Repairs aren't done, patrols for invaders aren't sent out, you tire more easily, you can become depressed and reproduction gets downgraded.
It's a profound privilege to die from stress related diseases
Professor Robert Sapolsky
High bloodstream levels of glucose and fatty acids and high blood pressure increase the risk of cardiovascular disease and diabetes. The immune system is suppressed.
Work at Bristol clearly demonstrates the latter in the much reduced response of older carers of those with Alzheimers to flu vaccines, compared to people of the same age not under so much stress. But why are some people more affected by stress than others?
Professor Stafford Lightman, director of the Bristol Centre, said: "There are three main reasons.
"Our genes, our experiences in early life and what's happened to us recently."
We all understand the latter.
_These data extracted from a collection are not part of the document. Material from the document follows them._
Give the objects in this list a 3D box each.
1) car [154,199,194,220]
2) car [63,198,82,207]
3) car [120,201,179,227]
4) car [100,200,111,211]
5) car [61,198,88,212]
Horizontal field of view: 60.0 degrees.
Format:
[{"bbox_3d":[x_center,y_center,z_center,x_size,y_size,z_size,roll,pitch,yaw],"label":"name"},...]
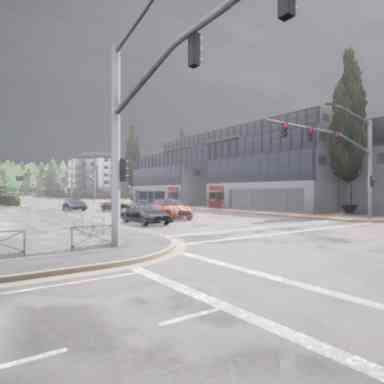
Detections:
[{"bbox_3d":[-1.786,1.347,27.266,2.097,1.767,4.553,0,0,-34],"label":"car"},{"bbox_3d":[-19.223,1.595,53.351,1.895,1.301,4.718,0,0,-34],"label":"car"},{"bbox_3d":[-3.366,1.544,23.374,2.033,1.411,5.357,0,0,-35],"label":"car"},{"bbox_3d":[-8.733,1.596,37.560,1.895,1.301,4.718,0,0,-34],"label":"car"},{"bbox_3d":[-13.835,1.544,38.883,2.033,1.411,5.357,0,0,-34],"label":"car"}]
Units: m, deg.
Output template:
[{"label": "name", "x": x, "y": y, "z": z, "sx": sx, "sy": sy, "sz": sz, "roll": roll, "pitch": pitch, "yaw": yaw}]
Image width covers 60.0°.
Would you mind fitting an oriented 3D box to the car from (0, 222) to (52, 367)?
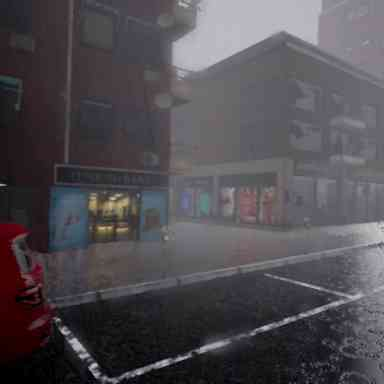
[{"label": "car", "x": -4.027, "y": 1.312, "z": 3.192, "sx": 5.009, "sy": 1.841, "sz": 2.192, "roll": 0, "pitch": 2, "yaw": -35}]
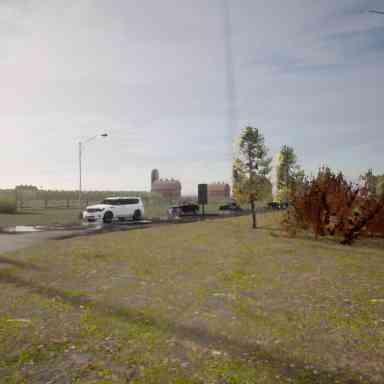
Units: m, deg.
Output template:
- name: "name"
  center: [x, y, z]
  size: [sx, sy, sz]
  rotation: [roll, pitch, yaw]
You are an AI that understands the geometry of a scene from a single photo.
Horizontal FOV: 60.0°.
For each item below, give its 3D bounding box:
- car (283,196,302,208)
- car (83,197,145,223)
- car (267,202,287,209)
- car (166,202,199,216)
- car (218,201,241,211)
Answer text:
- name: "car"
  center: [18.684, 1.783, 61.684]
  size: [2.150, 2.045, 5.566]
  rotation: [-1, -1, 31]
- name: "car"
  center: [-6.442, 1.453, 28.188]
  size: [2.150, 2.045, 5.566]
  rotation: [-1, -1, 34]
- name: "car"
  center: [13.458, 1.966, 53.157]
  size: [1.837, 1.490, 4.892]
  rotation: [-1, -1, 32]
- name: "car"
  center: [-0.978, 1.820, 36.928]
  size: [2.128, 1.511, 4.902]
  rotation: [-1, -1, 32]
- name: "car"
  center: [5.379, 2.008, 47.098]
  size: [1.994, 1.385, 4.181]
  rotation: [-1, -1, 32]
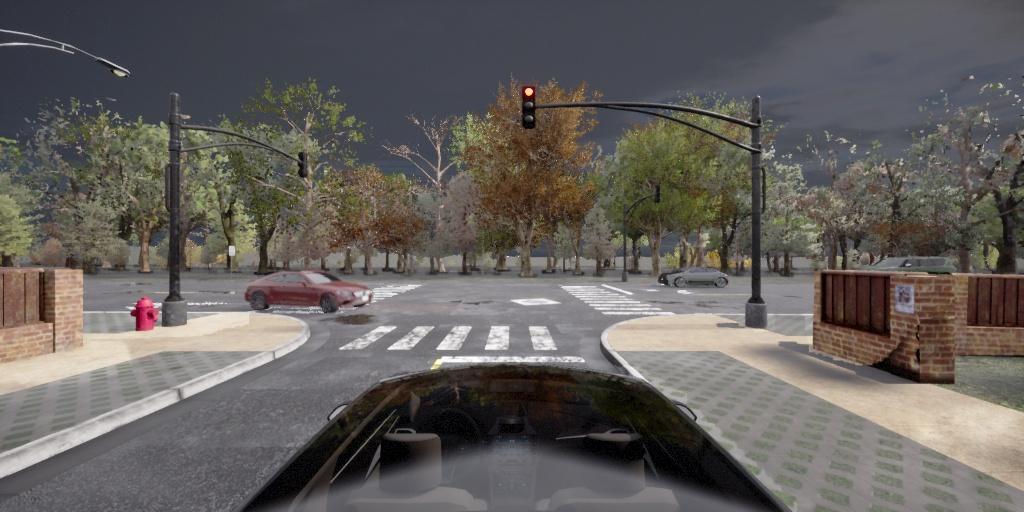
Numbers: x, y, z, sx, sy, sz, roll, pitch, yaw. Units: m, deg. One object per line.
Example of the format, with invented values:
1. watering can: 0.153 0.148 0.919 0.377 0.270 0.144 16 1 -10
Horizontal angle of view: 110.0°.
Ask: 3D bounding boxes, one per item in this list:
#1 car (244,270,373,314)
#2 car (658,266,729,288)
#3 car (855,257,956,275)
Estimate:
1. car: -7.514 1.249 13.277 4.674 1.442 1.812 0 0 12
2. car: 12.035 1.368 23.951 4.181 1.385 1.994 0 0 0
3. car: 26.075 1.073 23.960 5.566 2.045 2.150 0 0 0
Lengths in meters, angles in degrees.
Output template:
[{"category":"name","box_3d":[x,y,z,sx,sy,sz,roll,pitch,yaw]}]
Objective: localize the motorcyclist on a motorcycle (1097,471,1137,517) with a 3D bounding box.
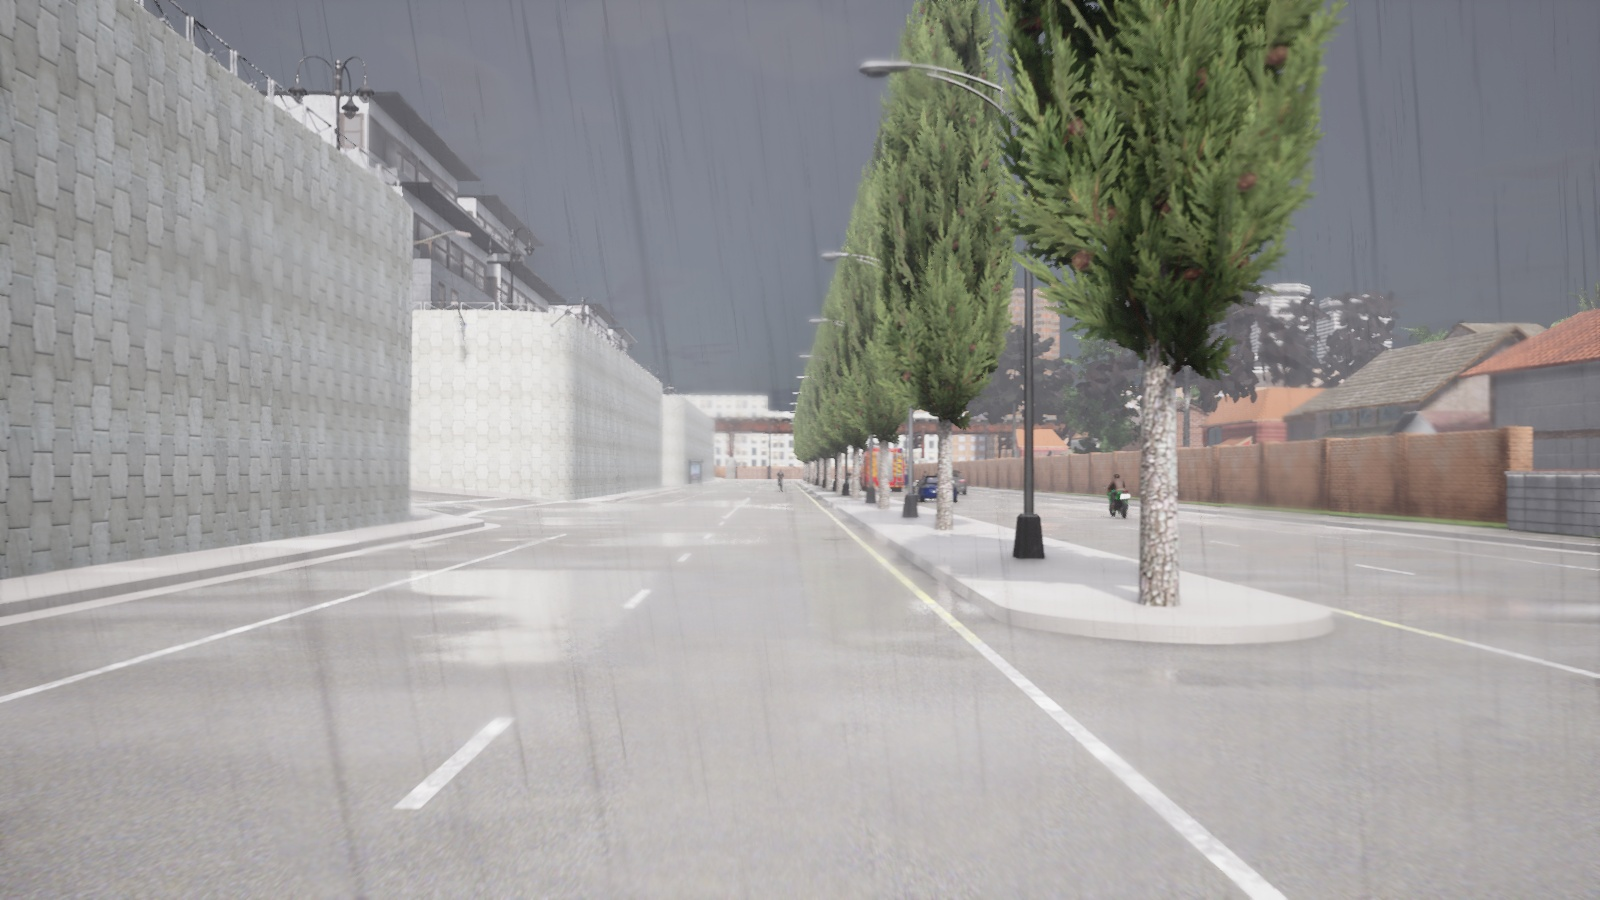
[{"category":"motorcyclist on a motorcycle","box_3d":[10.841,1.487,42.990,0.797,1.523,2.044,0,-1,-1]}]

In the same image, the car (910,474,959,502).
[{"category":"car","box_3d":[6.970,1.971,65.445,1.994,1.385,4.181,0,-1,-1]}]

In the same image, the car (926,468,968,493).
[{"category":"car","box_3d":[10.120,2.100,86.624,2.242,1.667,4.611,0,-1,-1]}]

Bereavement, losing a job, divorce, caring for someone who is sick are highly stressful life events.
Stress controls
Of great scientific interest are our stress 'thermostats' which switch our response on, and, most importantly, off again.
Professor Lightman said: "Understanding pathways in dysfunctional stress responses means that you can rationally design therapies to block their effect."
The settings for our thermostats are partly inherited - but scientists also know that they can be reset during childhood.
Work with animals suggests that emotional deprivation in early life causes heightened stress responses as adult animals. It's highly likely this is the case for people too.
Re-setting the stress thermostat in childhood is an important adaptation - it equips a child born into a difficult world to be constantly on the alert.
But this alertness comes with a long term price: heart disease, diabetes, obesity and depression.
There are also behavioural implications of raised stress hormones, such as greater levels of violence and risk taking.
Since we now have epidemic levels of cardiovascular disease and diabetes, does this indicate that we live in a much more stressful world? The answer is a resounding no. If anything we live much less stressful lives than our forbears.
Professor Sapolsky said: "It's a profound privilege to die from stress related diseases.
"It is the elimination of other causes of death such as infectious disease which is responsible for bringing lifestyle diseases to the fore - and these are exquisitely sensitive to stress."
It makes finding a way to treat stress in those who are vulnerable to it ever more important.